Objective To investigate the clinicopathological characteristics of colorectal cancer patients with different mismatch repair (MMR) statuses and their correlation with KRAS/NRAF/BRAF (KNB) gene mutations.
Methods The clinicopathological data of 477 patients with colorectal cancer were collected, and MMR, microsatellite instability (MSI), and KNB status were detected via immunohistochemistry (IHC), PCR–capillary electrophoresis, and next-generation sequencing (NGS), respectively. The clinicopathological features of patients with different MMR statuses and correlations with KNB mutations were analyzed.

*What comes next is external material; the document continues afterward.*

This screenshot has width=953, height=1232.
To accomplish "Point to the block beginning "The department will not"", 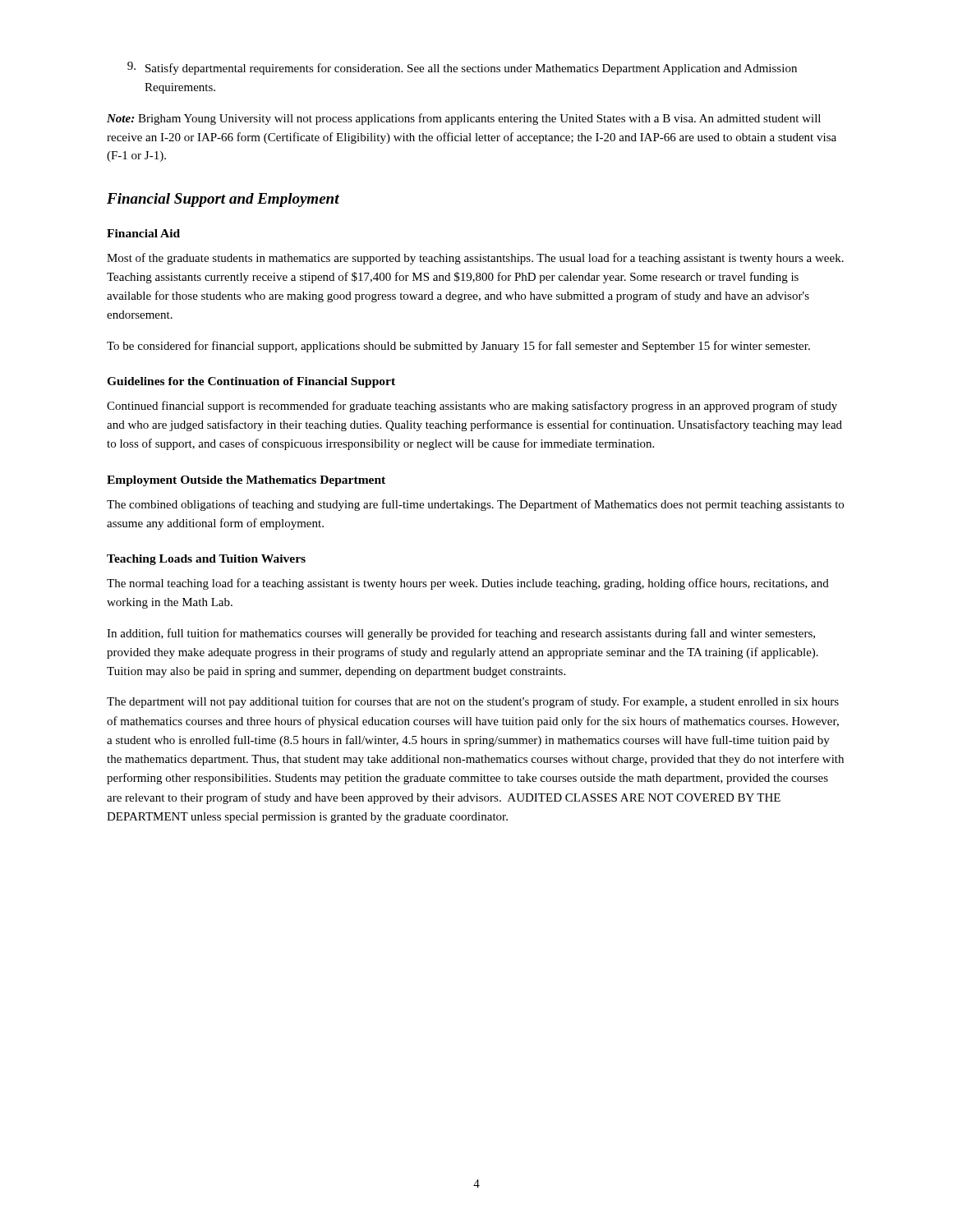I will 475,759.
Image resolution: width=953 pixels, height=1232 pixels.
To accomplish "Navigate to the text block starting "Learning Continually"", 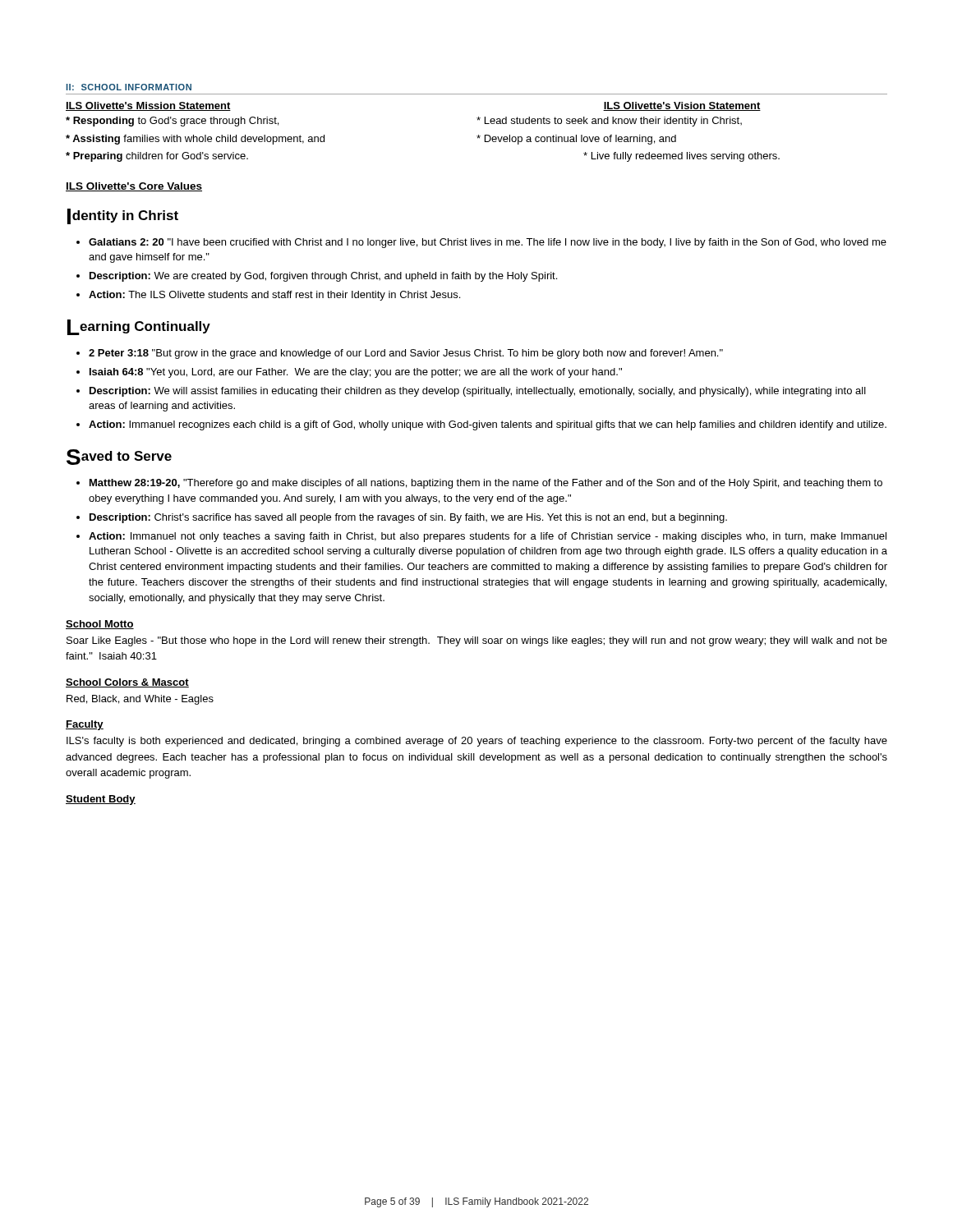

Results Compared with the patients in the pMMR group, the patients in the classical dMMR group were younger, included more females, and exhibited more tumors in the right colon, mostly mucinous adenocarcinoma and poorly differentiated tumors (all P<0.05). The tumors in the nonclassical dMMR group were commonly found in the right colon and were prone to special histologic types (all P<0.05). MLH1-PMS2 codeletion, BRAF mutation, and KRAS G13 codon mutation were common in patients in both the classical and the nonclassical dMMR groups (both P<0.05). The results of MMR IHC (100%) were highly consistent with those of MSI PCR (99.1%). Patients in the classical dMMR group with KRAS mutations were younger, included more males, and were prone to specific histologic types, but distant metastasis was rare (all P<0.05). Conversely, lymph node metastasis was rare in patients in the nonclassical dMMR group with KRAS mutations (P=0.005). The mutation rate of the MSH6 gene was relatively high in the nonclassical dMMR group (P=0.002), and all patients presented complete deletion of MLH1-PMS2 combined with nonclassical expression of MSH6 (100%). Five patients with medullary carcinoma components had complete deletions of MLH1-PMS2. Among the five patients, three had combined nonclassical expression of MSH2/MSH6. Two of the three patients carried the MSH6 gene c.3261 locus mutation.
Conclusion The clinicopathologic features of patients with classical/nonclassical dMMR colorectal cancer differ from those of patients with pMMR, and MMR IHC could be used to predict effectively the MSI status. The clinicopathologic features differ between classical and nonclassical dMMR colorectal cancer patients with KRAS mutations, but both groups present codeletion of MLH1-PMS2, BRAF mutation, and KRAS G13 codon mutation. In patients with nonclassical dMMR, complete deletion of MLH1-PMS2 combined with nonclassical expression of MSH6 is common. Mutations in the MSH6 gene may play a key role in the development of colorectal cancer with medullary carcinoma components.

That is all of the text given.